I realised this early in the beginning of my relationship with my partner. And even with my earlier friendships (which obviously ended in disasters but hey, no fret). I internalised my grief a lot. Probably until the point where no one even realised I was in pain. And when I suddenly exploded, well… it probably left a lot of people confused. I used to be passive aggressive, too. I willed others with my mind in hopes they could understand this rage and sadness I feel inside. And of course no one did. Nobody can read minds. I learnt that the difficult way. I am trying. I am trying to be more fluent with my words. As of now, it is still amateur-ish.
“When other people upset us, do we feel we have the right to communicate or must we slam doors and retreat into sulks? When the desired response isn’t forthcoming, do we ask others to guess what we have been too angrily panicked to spell out? Or can we have a plausible second go and take seriously the thought that others are not merely being nasty in misunderstanding us? Do we have the inner resources to teach rather than insist?”
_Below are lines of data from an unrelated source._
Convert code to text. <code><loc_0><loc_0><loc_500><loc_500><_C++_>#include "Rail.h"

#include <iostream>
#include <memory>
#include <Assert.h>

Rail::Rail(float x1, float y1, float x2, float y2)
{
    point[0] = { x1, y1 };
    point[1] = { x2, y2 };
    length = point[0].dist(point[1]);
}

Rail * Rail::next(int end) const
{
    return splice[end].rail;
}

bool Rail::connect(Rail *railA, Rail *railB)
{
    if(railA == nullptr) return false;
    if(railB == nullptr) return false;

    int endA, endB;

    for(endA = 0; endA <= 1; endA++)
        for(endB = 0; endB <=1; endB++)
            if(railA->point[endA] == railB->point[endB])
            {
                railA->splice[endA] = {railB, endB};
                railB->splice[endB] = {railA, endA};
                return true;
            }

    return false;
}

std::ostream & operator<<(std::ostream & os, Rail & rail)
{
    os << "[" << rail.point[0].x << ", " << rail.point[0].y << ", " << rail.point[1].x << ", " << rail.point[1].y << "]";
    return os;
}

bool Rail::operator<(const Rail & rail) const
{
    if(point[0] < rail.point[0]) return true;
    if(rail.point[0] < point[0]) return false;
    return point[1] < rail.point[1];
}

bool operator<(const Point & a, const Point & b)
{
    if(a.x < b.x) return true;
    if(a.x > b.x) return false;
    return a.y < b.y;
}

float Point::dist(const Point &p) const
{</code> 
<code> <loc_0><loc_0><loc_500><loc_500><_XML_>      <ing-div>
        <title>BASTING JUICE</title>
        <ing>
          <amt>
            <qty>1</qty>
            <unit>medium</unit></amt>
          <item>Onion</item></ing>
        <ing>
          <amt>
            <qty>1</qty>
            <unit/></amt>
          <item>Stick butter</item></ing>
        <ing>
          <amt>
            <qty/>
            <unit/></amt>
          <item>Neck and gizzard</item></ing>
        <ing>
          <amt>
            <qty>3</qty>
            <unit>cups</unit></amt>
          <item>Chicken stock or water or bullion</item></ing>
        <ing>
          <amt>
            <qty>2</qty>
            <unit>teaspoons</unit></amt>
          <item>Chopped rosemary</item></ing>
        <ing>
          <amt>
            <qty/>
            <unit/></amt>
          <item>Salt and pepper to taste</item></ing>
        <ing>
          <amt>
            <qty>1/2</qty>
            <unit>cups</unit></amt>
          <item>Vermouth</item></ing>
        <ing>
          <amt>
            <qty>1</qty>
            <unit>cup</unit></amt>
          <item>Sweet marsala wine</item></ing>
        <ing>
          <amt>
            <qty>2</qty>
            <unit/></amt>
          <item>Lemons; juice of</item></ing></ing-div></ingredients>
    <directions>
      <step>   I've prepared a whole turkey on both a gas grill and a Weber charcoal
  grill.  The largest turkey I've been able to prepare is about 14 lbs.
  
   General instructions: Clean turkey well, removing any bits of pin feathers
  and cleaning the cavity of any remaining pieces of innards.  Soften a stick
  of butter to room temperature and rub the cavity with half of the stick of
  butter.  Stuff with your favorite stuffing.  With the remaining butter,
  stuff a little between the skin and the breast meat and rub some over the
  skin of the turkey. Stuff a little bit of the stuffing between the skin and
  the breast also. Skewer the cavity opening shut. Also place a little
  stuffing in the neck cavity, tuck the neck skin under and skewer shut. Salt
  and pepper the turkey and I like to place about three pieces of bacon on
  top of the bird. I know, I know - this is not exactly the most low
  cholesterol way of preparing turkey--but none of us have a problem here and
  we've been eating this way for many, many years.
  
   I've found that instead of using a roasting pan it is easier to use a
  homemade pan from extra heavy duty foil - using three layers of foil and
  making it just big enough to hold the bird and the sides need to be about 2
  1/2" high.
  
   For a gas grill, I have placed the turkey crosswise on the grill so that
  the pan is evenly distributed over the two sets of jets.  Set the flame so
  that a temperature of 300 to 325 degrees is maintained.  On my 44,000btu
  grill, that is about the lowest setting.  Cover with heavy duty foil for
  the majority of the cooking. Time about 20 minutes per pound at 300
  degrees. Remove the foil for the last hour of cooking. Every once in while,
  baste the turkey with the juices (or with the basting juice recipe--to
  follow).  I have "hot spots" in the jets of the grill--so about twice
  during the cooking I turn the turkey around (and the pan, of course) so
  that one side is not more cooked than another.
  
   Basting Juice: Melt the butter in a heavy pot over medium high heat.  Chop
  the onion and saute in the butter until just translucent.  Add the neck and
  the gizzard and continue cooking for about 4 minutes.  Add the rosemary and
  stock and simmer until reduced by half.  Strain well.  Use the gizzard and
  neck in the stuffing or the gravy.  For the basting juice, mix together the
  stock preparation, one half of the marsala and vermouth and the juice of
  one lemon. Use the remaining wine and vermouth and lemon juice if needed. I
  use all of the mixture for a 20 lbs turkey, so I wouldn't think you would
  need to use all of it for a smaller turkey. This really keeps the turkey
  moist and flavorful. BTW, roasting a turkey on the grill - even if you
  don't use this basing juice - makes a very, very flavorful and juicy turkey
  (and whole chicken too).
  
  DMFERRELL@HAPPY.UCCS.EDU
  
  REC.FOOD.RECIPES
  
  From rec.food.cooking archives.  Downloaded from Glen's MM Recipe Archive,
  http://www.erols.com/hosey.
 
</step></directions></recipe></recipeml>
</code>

Ngehhhhh, definitely lacking the patience here. I always want to try and communicate but my emotions run high very quickly. Again, practise pausing may help. I do not know what else I can do to practise patience. I think i overused mine back when i was younger and i lost all of it now.
TRUST
“Will new acquaintances like or wound us? If we are a touch assertive, will they take it or collapse? Will unfamiliar situations end in a debacle?”
I guess not so good… Especially at work. I do well being a lone ranger but, I can’t go very far without working with others, obviously. My patience and tactfulness are always challenged when working with a team. Because I am a perfectionist & hardworking, I get triggered quite a fair bit when my teammates are slacking and not meeting deadlines. And especially, when i know they have been going out having fun, instead. My other problem is I can’t be assertive. I am quite afraid of that, because I do not believe in that sort of leadership. I know it is important, though. I need to learn more.
“Around love, how tightly do we need to cling? If they are distant for a while, will they return? How controlling do we need to be? Can we approach an interesting-looking stranger? Or move on from an unsatisfying one?”
Another half-and-half. I think Stoicism helps. That the people i love that i have with me now will leave or pass on one day. And it won’t do me any good to dwell on lost things or beings. No, I can’t approach an interesting-looking stranger and i feel that is fine. I don’t really need that in my life.
“Do we, overall, feel the world to be wide, safe, and reasonable enough for us to have a legitimate shot at a measure of contentment – or must we settle, resentfully, for inauthenticity and misunderstanding?”
I am sorry but, the boomers in my life live in the latter; in resent, inauthenticity and misunderstanding. So, I do not like that one bit. Yes, i do think the world has many opportunities.
So, total scores are:
Red: 6 / 12 (4 = Self-Love, 1 = Communication, 1 = Candour)
Yellow: 3 / 12 (1 = Self-Love, 1 = Communication, 1 = Trust)
Green: 3 / 12 (1 = Candour, 2 = Trust)
As I can see, I am definitely not emotionally healthy.
And I need to work heavily on my self-love and communication.
I don’t actually know if this is the thing that is bothering me but… at least, I can start somewhere, I supposed.